Non so dove fosse Landini Maurizio venerdì ventisei settembre del 1980. Aveva diciannove anni mentre a Torino i lavoratori della Fiat vivevano giorni e mesi difficili, era l’autunno caldo e quel giorno, al cancello 5 di Mirafiori, dove stava appeso uno striscione con il volto barbuto di Karl Marx, si presentò Enrico Berlinguer, segretario del Partito Comunista. Fu un discorso, il suo, di partecipazione e appoggio alla lotta nella fabbrica dopo l’annuncio dei licenziamenti deciso da Cesare Romiti.

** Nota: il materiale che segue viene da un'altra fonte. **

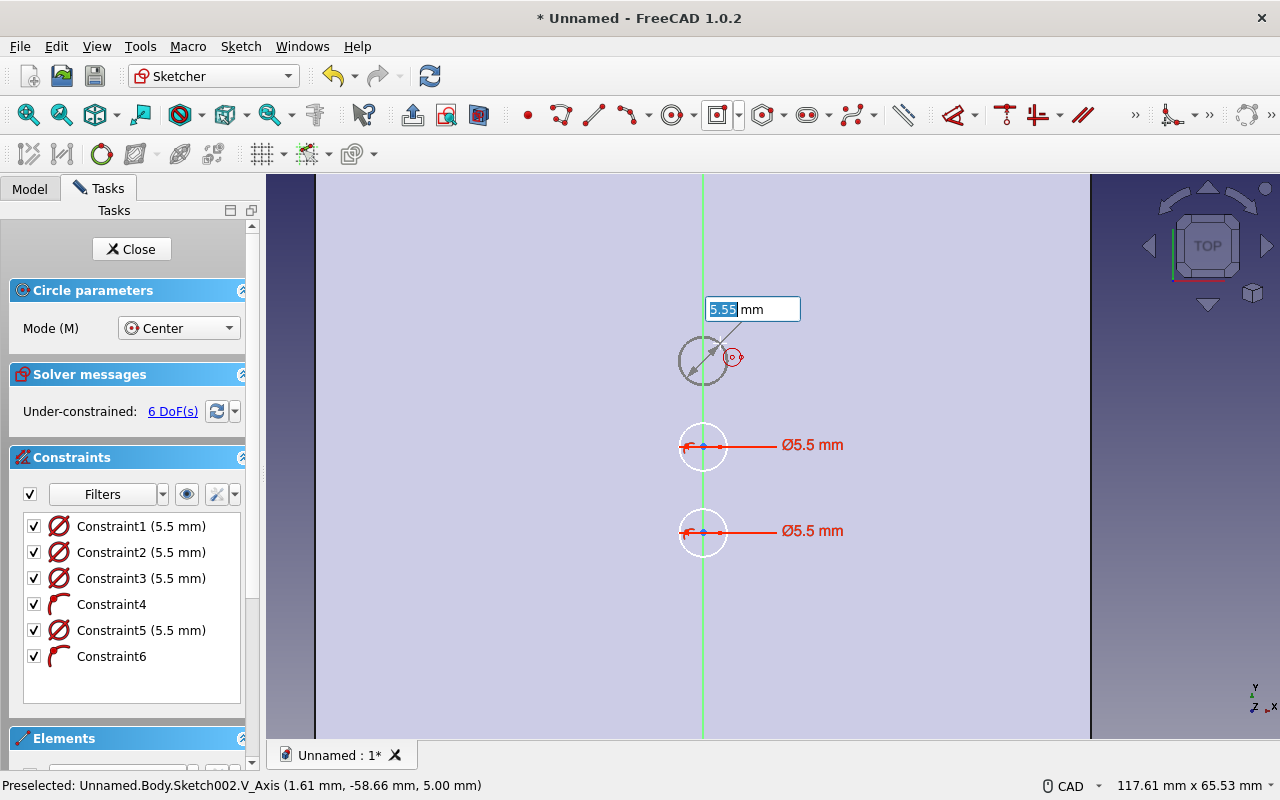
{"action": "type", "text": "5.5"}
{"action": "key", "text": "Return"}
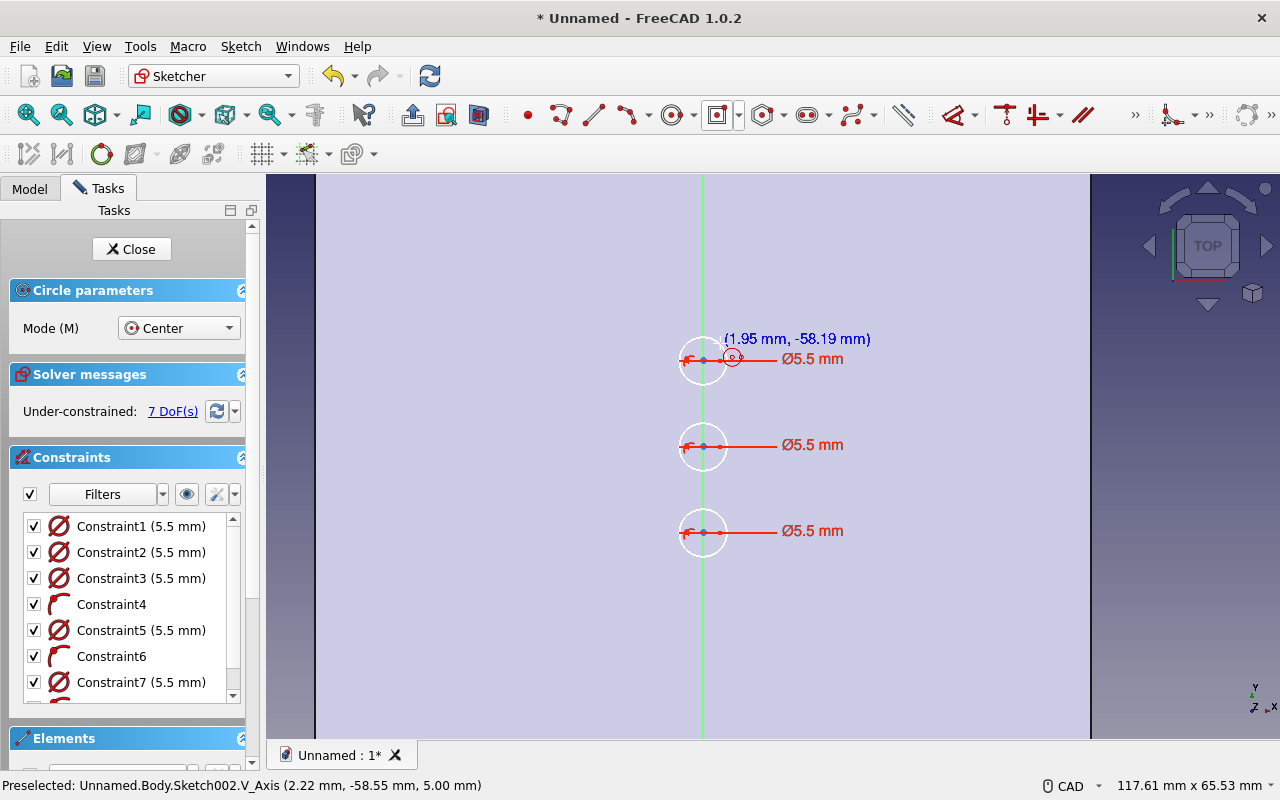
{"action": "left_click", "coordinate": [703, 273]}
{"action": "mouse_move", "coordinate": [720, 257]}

Berlinguer chiarì: "Non sono venuto a Torino per esasperare la dura lotta della Fiat. E non sono qui neppure per scavalcare i sindacati, ai quali abbiamo rinnovato e rinnoviamo il nostro impegno solidale". La triade sindacale era allora composta da Luciano Lama per la Cgil, Giorgio Benvenuto per la Uil e Pierre Carniti per la Cisl. La presenza di Berlinguer fu significativa per ribadire la funzione, il ruolo e la responsabilità del primo grande partito di opposizione. Il giorno successivo Cossiga si dimise, fu crisi di governo ma in Fiat la marcia dei 40mila portò a una soluzione della battaglia dei lavoratori.
Quarantaquattro anni dopo, Maurizio Landini ha annunciato la rivolta sociale, è lui a fare politica, è lui ad occupare il vuoto che i partiti di opposizione, Pd e M5, non riescono a riempire perché la personalità, il carisma, il peso politico di Schlein&Conte non possono reggere alcun paragone con la figura storica del segretario del Pci e la stessa “rivolta” annunciata da Landini non è affatto indirizzata, come fu allora, alla Fiat nei confronti della quale, dei suoi capi, il capo della Cgil ha osservato numerosi minuti di silenzio.
È dunque cambiato lo scenario politico, il sindacato fa quello che i partiti di riferimento non sanno fare, impegnati invece nella lotta non ai cancelli ma al palazzo del governo Meloni in qualunque delle sue azioni.